Quali possono essere le applicazioni?

Stampanti 3D per uso edilizio: al di fuori del nostro paese si notano importanti sviluppi soprattutto nella messa a punto del materiale cementizio; per esempio in Cina sono riusciti a stampare 10 case in calcestruzzo in 24 ore. In California, è stata ideata una stampante in grado di costruire una casa di 100mq, con muri e solette. Altri progetti arrivano dalla Spagna: piccoli robot che mentre si muovono su cingoli rilasciano materiale. Grazie alle stampanti 3d è stato anche possibile realizzare abitazioni ecofriendly, come Villa Asserbo, in Danimarca, la costruzione in sole quattro settimane utilizzando 820 fogli di compensato ricavato dalle foreste certificate Finlandesi, attraverso fogli di legno “stampati” con la tecnica del 3D printing in sole quattro settimane e rispettando i dettami dell’architettura green.
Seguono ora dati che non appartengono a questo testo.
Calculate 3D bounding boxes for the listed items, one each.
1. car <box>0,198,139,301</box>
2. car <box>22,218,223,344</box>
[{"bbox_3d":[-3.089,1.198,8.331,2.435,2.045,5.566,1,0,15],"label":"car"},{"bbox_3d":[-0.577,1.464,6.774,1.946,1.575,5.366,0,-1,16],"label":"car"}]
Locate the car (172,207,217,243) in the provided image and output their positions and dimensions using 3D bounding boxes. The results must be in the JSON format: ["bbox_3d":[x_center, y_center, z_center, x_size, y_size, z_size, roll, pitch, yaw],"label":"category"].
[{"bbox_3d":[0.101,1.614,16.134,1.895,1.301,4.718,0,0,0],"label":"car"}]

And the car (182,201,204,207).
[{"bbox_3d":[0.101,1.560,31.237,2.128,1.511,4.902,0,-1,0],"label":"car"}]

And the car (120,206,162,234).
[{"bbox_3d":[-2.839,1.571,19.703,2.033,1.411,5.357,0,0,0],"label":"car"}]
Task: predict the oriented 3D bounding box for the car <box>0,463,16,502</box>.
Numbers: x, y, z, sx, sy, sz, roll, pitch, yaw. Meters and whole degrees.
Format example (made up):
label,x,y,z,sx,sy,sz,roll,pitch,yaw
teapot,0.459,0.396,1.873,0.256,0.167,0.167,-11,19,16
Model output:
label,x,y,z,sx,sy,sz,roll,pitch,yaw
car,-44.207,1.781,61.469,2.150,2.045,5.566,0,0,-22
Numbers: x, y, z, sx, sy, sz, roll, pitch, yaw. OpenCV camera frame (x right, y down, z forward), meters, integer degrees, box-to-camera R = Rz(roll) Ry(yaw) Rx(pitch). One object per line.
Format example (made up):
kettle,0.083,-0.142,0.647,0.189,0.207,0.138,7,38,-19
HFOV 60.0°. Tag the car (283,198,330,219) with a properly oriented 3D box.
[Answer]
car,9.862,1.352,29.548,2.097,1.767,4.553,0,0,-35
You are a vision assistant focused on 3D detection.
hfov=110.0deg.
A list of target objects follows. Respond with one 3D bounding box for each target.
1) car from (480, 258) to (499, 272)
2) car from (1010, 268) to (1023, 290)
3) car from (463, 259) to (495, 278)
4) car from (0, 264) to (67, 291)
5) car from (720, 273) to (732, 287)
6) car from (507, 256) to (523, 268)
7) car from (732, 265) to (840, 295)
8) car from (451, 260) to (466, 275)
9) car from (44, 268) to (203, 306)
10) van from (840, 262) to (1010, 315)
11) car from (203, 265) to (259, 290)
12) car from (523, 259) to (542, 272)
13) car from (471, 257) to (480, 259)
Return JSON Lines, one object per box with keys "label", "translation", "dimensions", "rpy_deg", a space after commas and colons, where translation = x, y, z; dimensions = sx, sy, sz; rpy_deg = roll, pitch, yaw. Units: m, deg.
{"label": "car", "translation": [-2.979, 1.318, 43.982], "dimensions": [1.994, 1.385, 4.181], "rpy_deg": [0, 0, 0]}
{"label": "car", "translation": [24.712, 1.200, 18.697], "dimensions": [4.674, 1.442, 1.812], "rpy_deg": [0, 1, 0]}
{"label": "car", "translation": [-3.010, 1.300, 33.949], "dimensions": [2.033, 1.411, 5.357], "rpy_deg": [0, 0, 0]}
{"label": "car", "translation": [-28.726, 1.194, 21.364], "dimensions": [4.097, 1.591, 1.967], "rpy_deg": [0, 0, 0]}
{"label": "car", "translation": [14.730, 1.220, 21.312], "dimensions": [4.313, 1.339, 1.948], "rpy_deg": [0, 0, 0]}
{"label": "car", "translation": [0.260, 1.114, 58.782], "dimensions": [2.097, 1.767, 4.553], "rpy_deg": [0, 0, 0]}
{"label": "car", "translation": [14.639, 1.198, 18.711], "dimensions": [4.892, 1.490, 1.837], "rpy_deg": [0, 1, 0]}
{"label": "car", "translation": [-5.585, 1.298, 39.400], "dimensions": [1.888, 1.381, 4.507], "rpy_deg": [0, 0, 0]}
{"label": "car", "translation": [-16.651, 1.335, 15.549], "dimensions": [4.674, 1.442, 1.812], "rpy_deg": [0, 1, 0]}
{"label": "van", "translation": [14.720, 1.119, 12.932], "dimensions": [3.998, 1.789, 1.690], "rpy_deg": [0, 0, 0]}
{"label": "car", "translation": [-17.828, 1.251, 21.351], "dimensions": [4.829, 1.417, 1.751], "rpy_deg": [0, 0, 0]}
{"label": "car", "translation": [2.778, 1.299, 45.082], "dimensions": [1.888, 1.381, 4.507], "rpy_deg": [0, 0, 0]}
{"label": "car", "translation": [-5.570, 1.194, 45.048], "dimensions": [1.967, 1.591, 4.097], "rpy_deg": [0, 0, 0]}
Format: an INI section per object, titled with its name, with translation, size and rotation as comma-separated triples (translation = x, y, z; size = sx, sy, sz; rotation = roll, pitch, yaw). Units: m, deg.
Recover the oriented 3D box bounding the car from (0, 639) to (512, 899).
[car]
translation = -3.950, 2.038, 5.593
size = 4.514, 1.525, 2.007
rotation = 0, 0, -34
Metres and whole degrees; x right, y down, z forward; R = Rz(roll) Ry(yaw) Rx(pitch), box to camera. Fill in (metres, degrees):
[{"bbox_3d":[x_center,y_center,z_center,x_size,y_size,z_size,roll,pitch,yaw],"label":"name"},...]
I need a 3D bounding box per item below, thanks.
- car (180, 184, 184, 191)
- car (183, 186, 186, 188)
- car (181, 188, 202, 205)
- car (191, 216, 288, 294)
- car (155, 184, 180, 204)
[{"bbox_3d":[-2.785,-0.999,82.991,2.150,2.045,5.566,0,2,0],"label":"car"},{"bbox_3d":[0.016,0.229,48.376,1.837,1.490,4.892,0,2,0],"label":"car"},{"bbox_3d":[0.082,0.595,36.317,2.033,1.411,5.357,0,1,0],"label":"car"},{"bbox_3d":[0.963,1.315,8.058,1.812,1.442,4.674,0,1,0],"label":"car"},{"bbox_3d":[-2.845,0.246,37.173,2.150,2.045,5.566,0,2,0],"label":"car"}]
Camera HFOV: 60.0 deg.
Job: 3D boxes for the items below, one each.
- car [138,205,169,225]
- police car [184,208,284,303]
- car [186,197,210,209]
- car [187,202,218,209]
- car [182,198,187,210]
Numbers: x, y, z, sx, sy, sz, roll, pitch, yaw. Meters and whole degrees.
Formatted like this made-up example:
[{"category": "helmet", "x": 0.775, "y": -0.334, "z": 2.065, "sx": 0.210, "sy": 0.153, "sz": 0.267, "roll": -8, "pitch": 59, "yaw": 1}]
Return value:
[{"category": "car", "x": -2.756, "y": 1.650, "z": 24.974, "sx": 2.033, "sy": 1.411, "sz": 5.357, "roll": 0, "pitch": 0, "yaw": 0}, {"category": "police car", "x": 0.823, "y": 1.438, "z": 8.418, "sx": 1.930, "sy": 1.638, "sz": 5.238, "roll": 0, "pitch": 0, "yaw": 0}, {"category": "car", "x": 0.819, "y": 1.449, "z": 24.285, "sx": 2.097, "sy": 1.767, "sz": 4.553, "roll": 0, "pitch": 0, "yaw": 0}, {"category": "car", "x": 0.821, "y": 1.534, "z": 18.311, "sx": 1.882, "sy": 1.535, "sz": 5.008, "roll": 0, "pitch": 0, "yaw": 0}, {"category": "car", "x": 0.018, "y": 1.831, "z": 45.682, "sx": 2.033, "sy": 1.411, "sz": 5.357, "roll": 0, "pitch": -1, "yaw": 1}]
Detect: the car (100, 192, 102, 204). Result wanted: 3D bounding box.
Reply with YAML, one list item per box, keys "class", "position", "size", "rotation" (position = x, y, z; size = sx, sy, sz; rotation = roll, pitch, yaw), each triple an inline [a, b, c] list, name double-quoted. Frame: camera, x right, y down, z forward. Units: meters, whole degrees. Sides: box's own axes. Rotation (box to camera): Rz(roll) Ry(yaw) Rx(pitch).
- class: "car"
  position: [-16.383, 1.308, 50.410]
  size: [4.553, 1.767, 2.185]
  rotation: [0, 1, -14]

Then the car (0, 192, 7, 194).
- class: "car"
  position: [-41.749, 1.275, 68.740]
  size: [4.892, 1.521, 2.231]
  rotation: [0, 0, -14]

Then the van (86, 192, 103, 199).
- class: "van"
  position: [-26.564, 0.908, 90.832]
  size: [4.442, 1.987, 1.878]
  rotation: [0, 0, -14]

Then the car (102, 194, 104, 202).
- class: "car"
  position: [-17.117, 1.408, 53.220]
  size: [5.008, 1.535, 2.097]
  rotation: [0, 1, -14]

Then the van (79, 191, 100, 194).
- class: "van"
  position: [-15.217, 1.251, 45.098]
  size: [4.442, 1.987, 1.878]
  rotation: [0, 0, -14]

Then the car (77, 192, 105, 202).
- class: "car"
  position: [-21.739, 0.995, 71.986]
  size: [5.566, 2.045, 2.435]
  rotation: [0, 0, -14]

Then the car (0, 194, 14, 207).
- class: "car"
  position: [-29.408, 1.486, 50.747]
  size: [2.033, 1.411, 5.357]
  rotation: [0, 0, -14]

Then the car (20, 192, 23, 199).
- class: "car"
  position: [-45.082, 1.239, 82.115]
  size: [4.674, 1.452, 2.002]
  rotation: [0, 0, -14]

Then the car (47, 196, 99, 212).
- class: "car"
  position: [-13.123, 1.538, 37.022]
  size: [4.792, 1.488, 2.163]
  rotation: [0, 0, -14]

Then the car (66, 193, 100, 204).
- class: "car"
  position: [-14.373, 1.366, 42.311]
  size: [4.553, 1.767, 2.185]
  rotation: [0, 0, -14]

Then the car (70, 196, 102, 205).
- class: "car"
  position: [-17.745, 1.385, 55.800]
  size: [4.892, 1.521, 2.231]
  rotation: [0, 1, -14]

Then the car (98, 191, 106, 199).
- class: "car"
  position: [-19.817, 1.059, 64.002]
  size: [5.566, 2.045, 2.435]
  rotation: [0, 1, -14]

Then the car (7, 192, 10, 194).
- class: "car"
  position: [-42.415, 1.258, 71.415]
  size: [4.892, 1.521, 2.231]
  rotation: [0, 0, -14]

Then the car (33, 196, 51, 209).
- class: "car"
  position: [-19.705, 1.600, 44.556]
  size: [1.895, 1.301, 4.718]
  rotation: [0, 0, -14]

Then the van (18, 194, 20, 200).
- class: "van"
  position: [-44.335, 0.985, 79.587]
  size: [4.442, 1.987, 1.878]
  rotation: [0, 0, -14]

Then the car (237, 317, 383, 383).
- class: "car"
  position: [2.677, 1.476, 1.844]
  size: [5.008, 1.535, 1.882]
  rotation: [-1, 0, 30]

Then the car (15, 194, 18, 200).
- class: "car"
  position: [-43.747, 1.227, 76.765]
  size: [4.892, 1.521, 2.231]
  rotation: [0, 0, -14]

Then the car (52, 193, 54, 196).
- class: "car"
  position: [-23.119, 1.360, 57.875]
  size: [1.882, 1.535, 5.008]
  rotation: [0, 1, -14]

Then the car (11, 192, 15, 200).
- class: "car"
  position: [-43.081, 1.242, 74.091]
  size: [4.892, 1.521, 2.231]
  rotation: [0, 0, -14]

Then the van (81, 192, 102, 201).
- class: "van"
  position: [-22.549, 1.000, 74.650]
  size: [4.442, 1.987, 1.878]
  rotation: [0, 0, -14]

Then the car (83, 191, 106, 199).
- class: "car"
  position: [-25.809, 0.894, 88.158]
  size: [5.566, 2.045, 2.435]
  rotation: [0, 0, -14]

Gli studi di architettura in questo modo possono avere oltretutto in pochissimo tempo un modello fisico di un progetto realizzato da loro fino a quel momento solo sulla carta, o meglio su AutoCAD. La possibilità di stampare le case non è passata inosservata agli enti spaziali che vorrebbe usare la stessa tecnologia per stampare basi lunari; la Nasa sta pensando ad un sistema per inviare la stampante 3D che sfrutta questa particolare tecnologia su di altri pianeti, in modo da realizzare abitazioni in totale autonomia.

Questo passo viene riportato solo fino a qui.